— Нет! — вдруг заорала Гидра и так брыкнула ногами, что врач едва увернулся. — Я больше не могу терпеть! И не буду!
Энгель посмотрел на неё с жалостью, и Гидра вцепилась в его покрытую шрамами руку, как тонущая — за соломинку.
— Пожалуйста, дайте мне хоть выпить! — взмолилась она, припоминая, что именно этого просят мужчины, если им надо что-то резать или шить. — Или убейте. Только не мучайте. Я не смогу.
Врач, поправляя очки, пробормотал себе под нос что-то в духе «и правда, яростная, как моргемона», и выжидательно посмотрел на диатрина.
— Алкоголь разжижает кровь, раны хуже заживают, — сказал он.
— Я знаю, — кивнул Энгель и вновь погладил Гидру по голове. Та, ощутив в нём некий бастион безопасности, без промедления придвинулась к нему ближе и впилась тонкими пальцами в его ладонь. — И всё же диатрисса не заслуживает усугубления своих мук. У меня при себе нет. Может, кто из солдат имеет при себе спиртное…
— Я спрошу, — сказал доктор и поднялся, покинув полумрак шатра.
Они остались наедине, и Гидра обмякла. Она прижималась щекой к тыльной стороне ладони диатрина и стискивала его пальцы так крепко, будто только он один мог обеспечить ей спокойствие.
Но дышать было тяжело.
— Если б ты только знал, что там было, — прошептала Гидра и закрыла глаза. Её рыжие ресницы дрожали.
«Я говорю с ним, ничуть не боясь его; мне всего-то надо было разозлиться как следует, а ему, напротив, охладить свой пыл на войне».
Вторая рука диатрина вновь стала водить по её голове, приглаживая слипшиеся всклокоченные волосы.
— Что было? — спросил он тихо.
Гидра набрала чуть-чуть воздуха и, прерываясь на вдохи, проговорила:
— Эван короновался в Мелиное. Потом сказали, что тебя барракиты убили. И он на мне жениться решил. А диатрис убить нас с Авророй пыталась. Мы видели Мелиноя. И мы были на свадьбе, когда прилетел Мордепал. Жив ли хоть кто-нибудь теперь — не знаю.
Красивое лицо Энгеля исказилось шоком.
— Чёрт побери, — выдохнул он, из всего услышав лишь то, что хотел. — Но мы даже побеждали на предгорьях. Не убили меня.
— Гонцы сказали, что сами видели!
— Саботаж.
— Диатрис и марлорд Вазант теперь единственные, кто противостоят проклятому Тавру и не менее проклятому Эвану, если тот, конечно, жив ещё!
— Так ты не заодно с Тавром?
Вопрос застал Гидру врасплох. Она посмотрела на Энгеля настолько удивлённо, будто диатрин на её глазах превратился в какого-нибудь демона или диманта.
— Да разрази меня гром, если б я хоть раз в жизни была с этим ублюдком заодно, — прошептала она и вновь закрыла глаза.
Она услышала, как диатрин выдохнул с улыбкой на устах, и ей стало легче. Он ничего не сказал — но этого и не требовалось.
«Кажется, та ночь, когда я дала ему пощёчину, была тысячу лет назад».

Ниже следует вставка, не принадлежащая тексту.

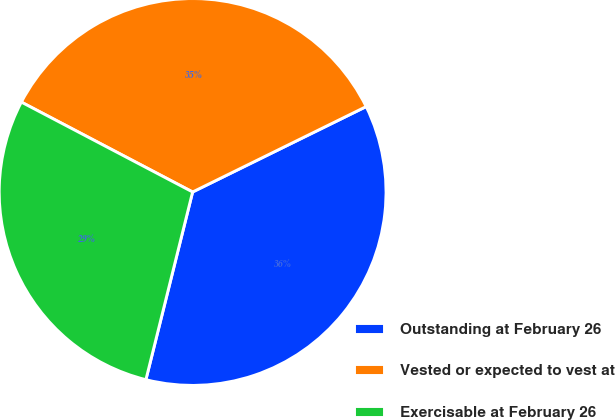Convert chart to OTSL. <chart><loc_0><loc_0><loc_500><loc_500><pie_chart><fcel>Outstanding at February 26<fcel>Vested or expected to vest at<fcel>Exercisable at February 26<nl><fcel>36.16%<fcel>35.03%<fcel>28.81%<nl></chart> 
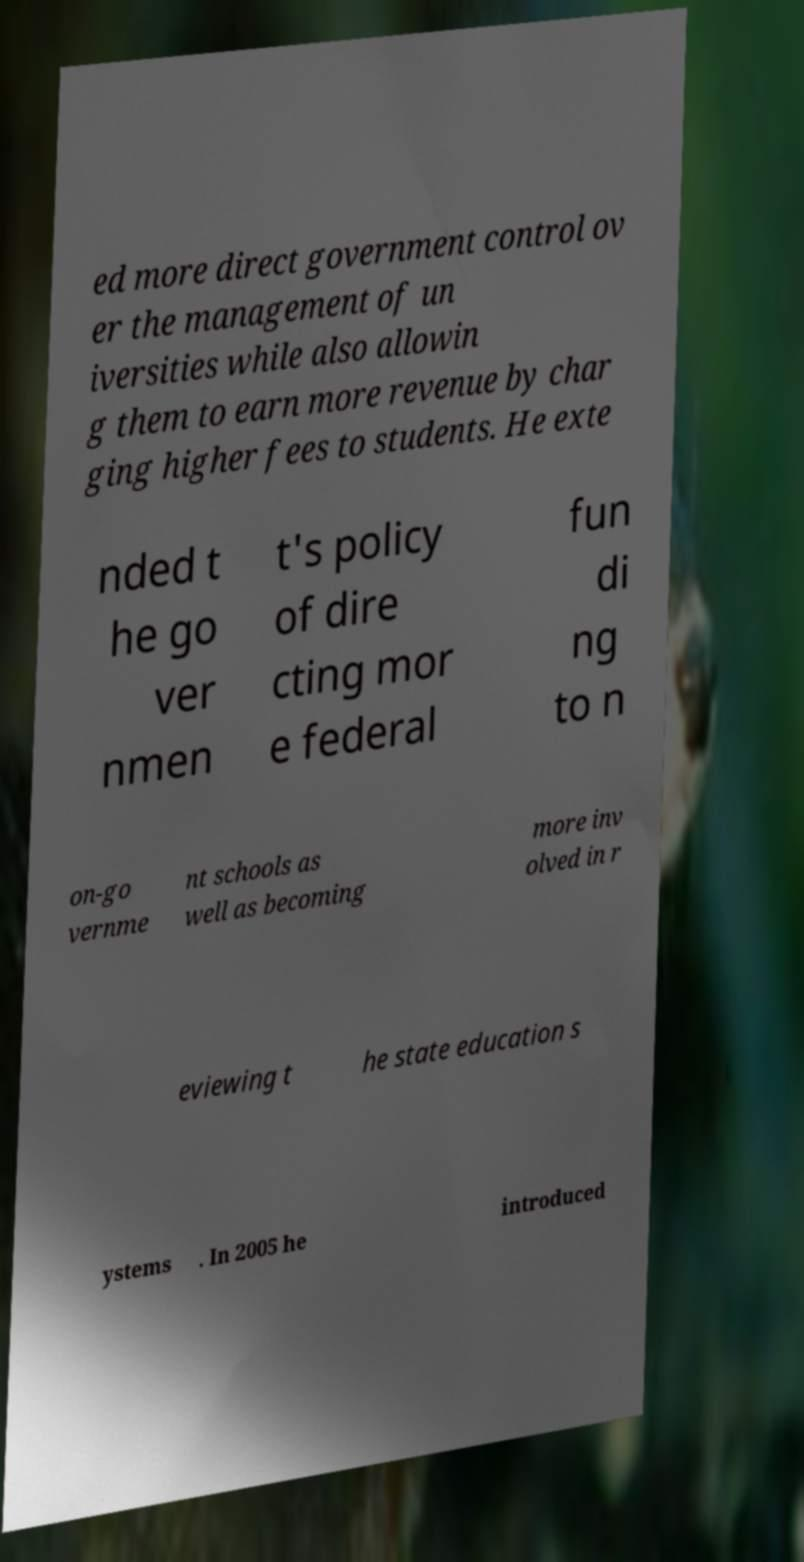Could you extract and type out the text from this image? ed more direct government control ov er the management of un iversities while also allowin g them to earn more revenue by char ging higher fees to students. He exte nded t he go ver nmen t's policy of dire cting mor e federal fun di ng to n on-go vernme nt schools as well as becoming more inv olved in r eviewing t he state education s ystems . In 2005 he introduced

— Ваши Диатринства! — врач заглянул внутрь, а за его спиной слышался звон множества стальных сапог. — Благородные сэры утверждают, что для диатриссы им своего бренди не жалко. Пусть хоть в запой уйдёт, говорят они, лишь бы была здорова!
9. Полевой совет
Обманом и уловками Гидра всё же была вынуждена пережить несколько медицинских процедур, но, благодаря доброй дозе бренди, ей море казалось по колено. И хотя она успела наговорить гадостей решительно всем, гораздо больше было непрошенных сентиментальных слёз, которые беспрестанно сжимали горло после осознания своего странного, поистине чудесного спасения.
Поэтому из последующих часов диатрисса запомнила немногое: врач, истерзав её в должной степени, напоил её отвратительным настоем на плодах хлопкового дерева, что был на вкус как пыль. А после, обругав весь мир за свои страдания, Гидра всё-таки уснула. Хотя перед сном успела многократно нарушить собственную неприязнь к чужим касаниям. Она постоянно прижимала к себе руку диатрина и, кажется, даже просила его не уходить.
Можно сказать, ей удалось выспаться. Была то заслуга хлопкового отвара или доброй половины бутылки бренди, она спала без задних ног и не видела сновидений.
Зато пробуждение было отвратительным.
— Просыпайтесь, диатрисса, отбой закончен.
Она скрипнула зубами и, выдернув из-под своей головы подушку, метнула её на голос.
— Исчезните все! — выдохнула она, вновь возвращаясь в поломанную клетку своих рёбер, где не могла вздохнуть без боли.